Sales tax . . . A (if not the most) commonly overlooked tax for nonprofit organizations. In 2022, I blogged on Florida Sales Tax on Ticket Sales for the Sunshine State’s Nonprofits. This Freeman Law Insights blog focuses on the sales tax regime applicable to “admissions” collected by nonprofit organizations in the State of Texas, the Lone Star State.
Texas Sales Tax, Briefly. Texas imposes a tax on each sale of a taxable item in this state. The term “taxable item” includes tangible personal property and taxable services. When tax is imposed on tangible personal property, the taxing entity’s prima facie burden of proof is easily met because, unless an exemption applies, all sales of tangible personal property in Texas are taxable. However, the Texas Legislature has elected to tax only those services that are specifically enumerated in the Texas Tax Code. If the Texas Comptroller (i.e., its Tax Division) demonstrates that a service was sold and that the service is taxable, it becomes the taxpayer’s burden to prove, by a preponderance of the evidence, that the Comptroller is incorrect, or by clear and convincing evidence that the taxable services were exempt from taxation.
General Rule for Admissions. Sales tax is imposed on the provision of an amusement service. Under Texas law, a taxable amusement service is defined to include the provision of amusement, entertainment, or recreation within the state of Texas. The Comptroller construes amusement services quite broadly as pretty much any service that results in enjoyment that is a “pleasurable occupation of the senses.” Live performances, including musical concerts, are examples of amusement services. The sale of an admission to an amusement service means, essentially, the transfer of title to, or possession of, a ticket or other admission document for consideration.

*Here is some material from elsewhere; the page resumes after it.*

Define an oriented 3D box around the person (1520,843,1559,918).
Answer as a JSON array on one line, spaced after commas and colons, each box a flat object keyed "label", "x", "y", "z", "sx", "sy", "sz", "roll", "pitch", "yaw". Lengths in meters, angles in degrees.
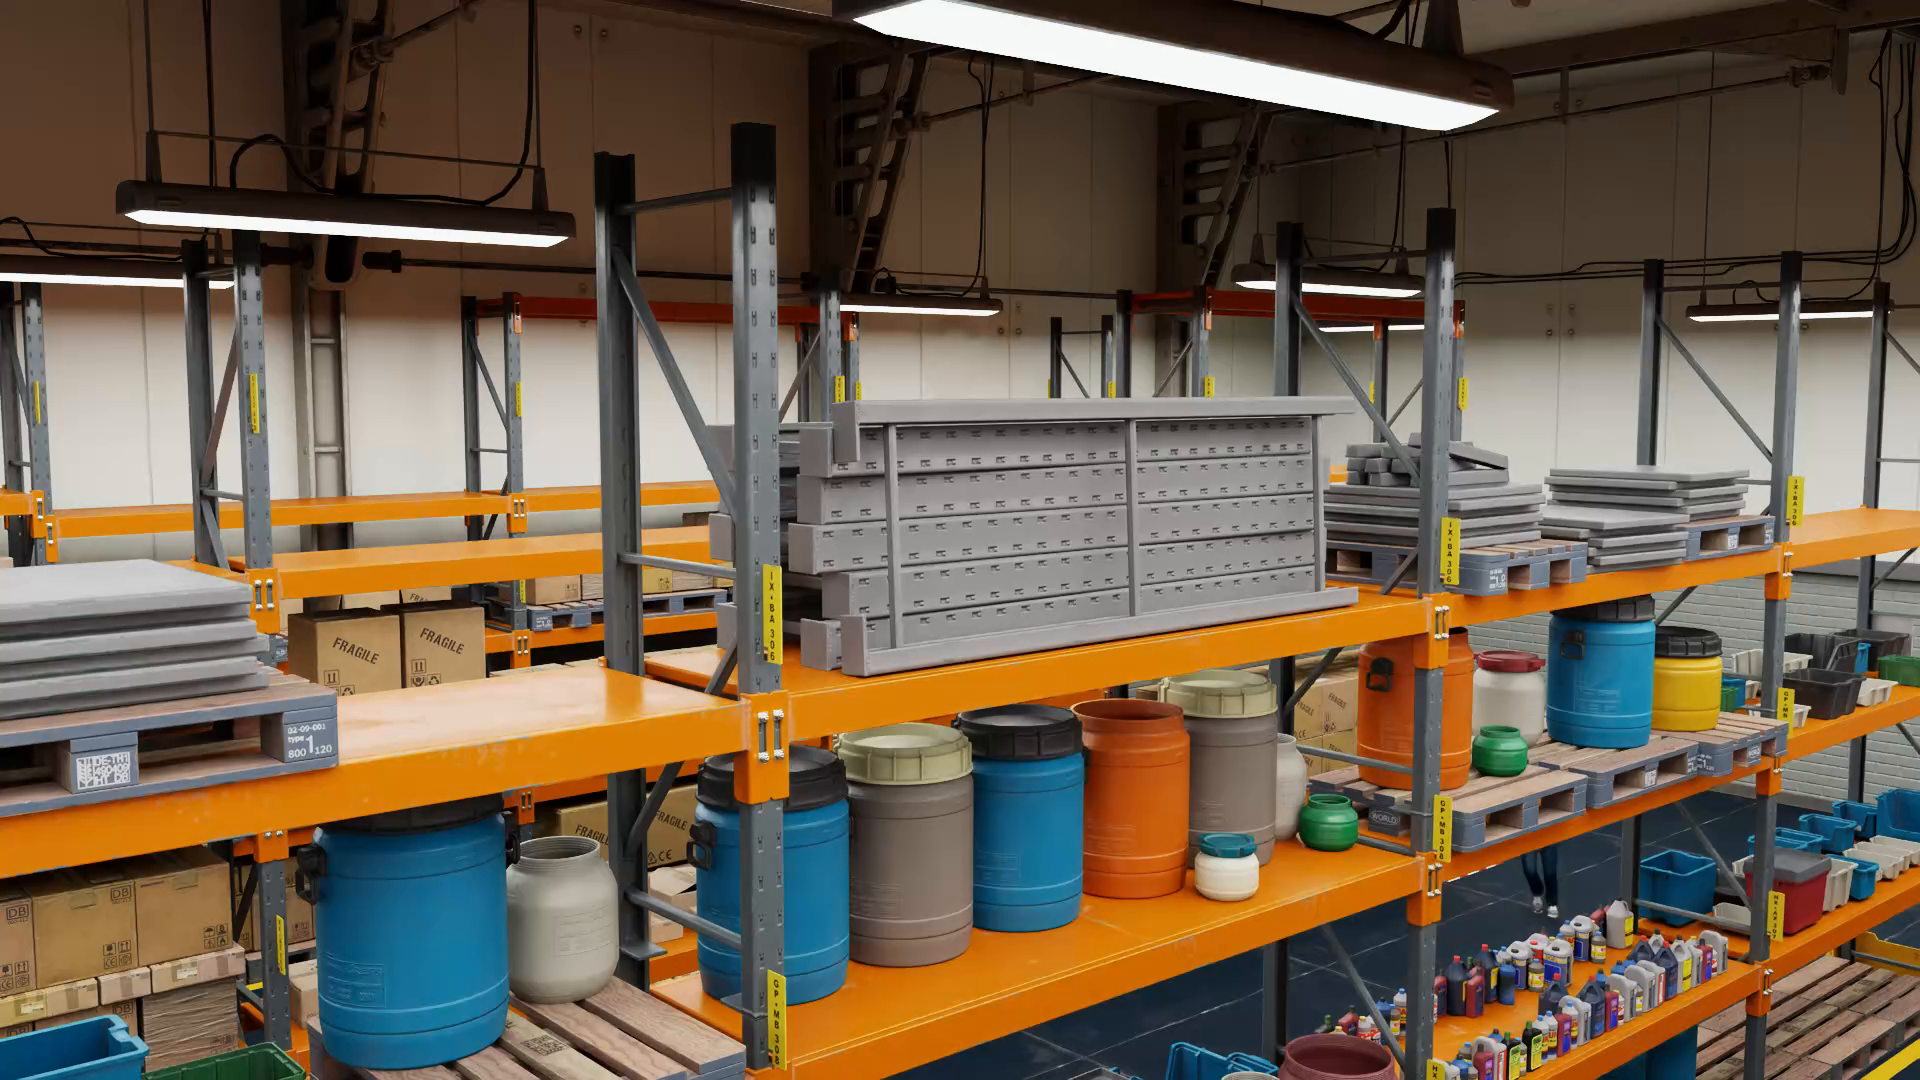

Exemption for Nonprofit Corporations or Associations. Under the Texas Tax Code, amusement services are exempted from sales taxes only if exclusively provided by a nonprofit corporation or association (other than organizations described by section 501(c)(7) of the Internal Revenue Code), if the proceeds do not go to the benefit of an individual except as a part of the services of a purely public charity. See Tex. Tax Code § 151.3101(a)(3). The provider of an amusement service is “the person who has legal rights of ownership over, or the legal right to provide, present, or offer, an amusement, entertainment, or recreation that is rendered on a regular basis at a fixed location, and for which admissions are sold.” 34 Tex. Admin. Code § 3.298(a)(4).
Ticket Agents. Sales tax also is not due on the sale of amusement service by a ticket service or any other seller of amusement services when the provider of the amusement service is a nonprofit corporation or association whose sales of tickets would be exempt from sales and use tax.
Use of Expertise of For-Profit Organizations. A nonprofit corporation may hire a for-profit organization to provide the expertise to produce an event without loss of the sales tax exemption; however, the nonprofit corporation must hold itself out as the provider of the amusement and may not be a joint venturer with the for-profit entity. For example, the nonprofit organization must hold itself out as the sole provider of the amusement in advertising as well as on the face of the physical tickets and that the event is exempt from Texas sales and use tax.
Insights. Nonprofit organizations—whether in Texas or other states—are wise to engage competent legal counsel to evaluate their potential sales tax liabilities arising from admissions from events, concerts, and the like. Contract terms and review are critical on this subject. Speaking from much experience, sales tax is but one of many considerations to take into account for liability exposure in these types of events or amusement programs.
Have fun with the amusements, but be sales-tax-careful, on the front end, preferably.